VM replication [242] is used to deploy redundant copies of VMs to meet application reliability requirements. And propose a heuristic for efficient replication on machines with the same failure rate (called REFR) using the analyzed minimum number of replicas to ensure the reliability requirement of delay-sensitive independent jobs in the target environment.

Related Research Work

We also calculate and use the job subreliability requirement for the jobs and other parameters to deploy the minimum number of machines, for efficiently scheduling jobs to meet the deadline and reliability requirement. We defined and used two performance comparison metrics, namely average VM per task (AVT) and reliability guarantee ratio (RGR) to compare the performance of the proposed approaches and other state-of-the-art approaches.

Problem Formulation

Application Environment
Machine Environment
Reliability Model
Optimization Goal

All tasks of a task can be executed in parallel through independent VMs (i.e. task Ji has a number of tasks) without any communication between them.
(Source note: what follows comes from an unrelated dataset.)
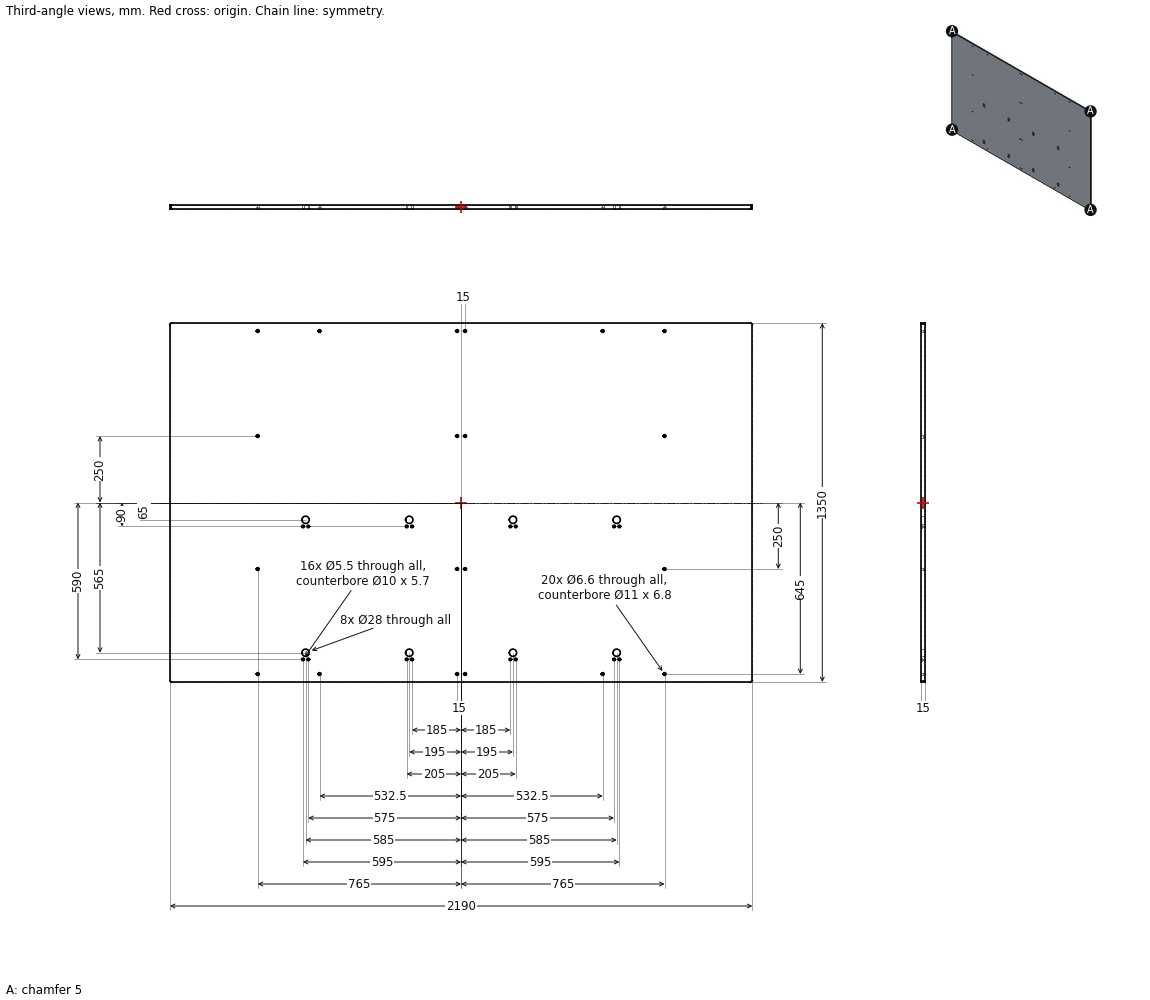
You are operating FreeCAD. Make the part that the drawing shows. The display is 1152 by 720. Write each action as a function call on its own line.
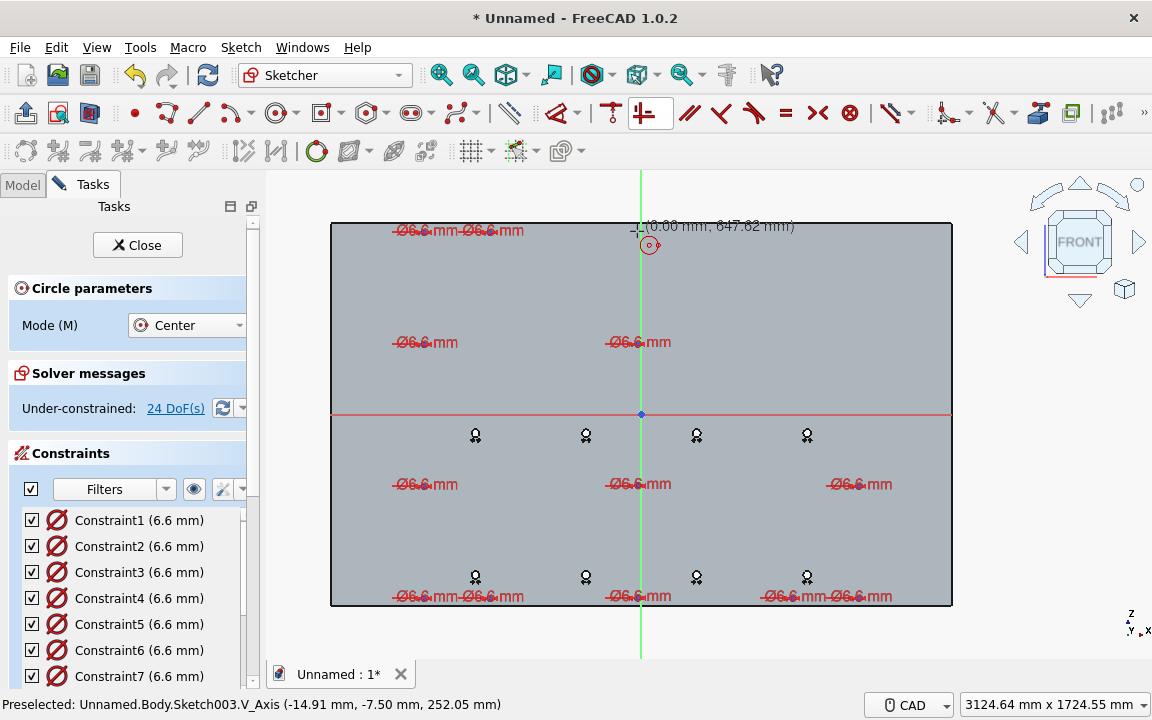
scroll(637, 232, up, 7)

Suppose that a machine Mj with failure probability fj and a task Til with execution time ei are planned on that machine, then the reliability of the task Til can be defined as.

State-of-the-art Approaches

K-redundancy Method (KR)

The term ki represents the number of additional VMs deployed for the job. Jito meets its reliability requirements. By combining the two constraint equations (Eq. 6.7 and Eq. 6.9), the minimum number of hosting servers mKR using the k-redundancy method can be expressed as follows.

First-Fit Decrease (FFD)

As the value of k increases, the reliability requirement is met, but the number of PMs required to host the VMs will be larger. For example, mF FD = 4,(M1, M2, M3, M4) is the minimum number of PMs required for the feasible job assignment.

Scheduling on Machines with Equal Failure Rate

Since the number of PM (m) must be an integer, so is the lower bound of m. R(Til) = 1−(1−e−e−f.ei)k (6.15) At least a vi number of copies must be scheduled for each task, and more copies of the tasks may be needed to meet the reliability requirement.

Figure 6.1: Reliability distribution of tasks

Scheduling on Machines with Different Failure Rates

Task Prioritization

Longer runtime (HDJ) jobs need more reliable machine scheduling, regardless of the reliability requirement and the number of tasks per job. Medium-interval runtime (MDJ) jobs with high reliability requirements and a larger number of job tasks need more reliable machine scheduling.

Host Machine Selection

So any job with more number of tasks should be given priority to be scheduled for high reliable machines as the reliability requirement is high for each task. Tivi, the subreliability requirement is calculated based on the actual allocation of its previous tasks [261].

Overall Approach

Considering all the tasks to satisfy their reliability requirement and finish their execution before the deadline is a challenging job. The allocation policy looks at the machine with the highest failure rate to meet the task's reliability requirement from the set of active machines where it meets its deadline requirement.

Experimental Setup and Results

Simulation Environment, Parameter Setup and Evaluation Cri-

As capacity increases, the number of PMs required to allocate the jobs decreases. As the value of k = 1 for KR and FFD, the number of jobs missing their reliability requirement decreases.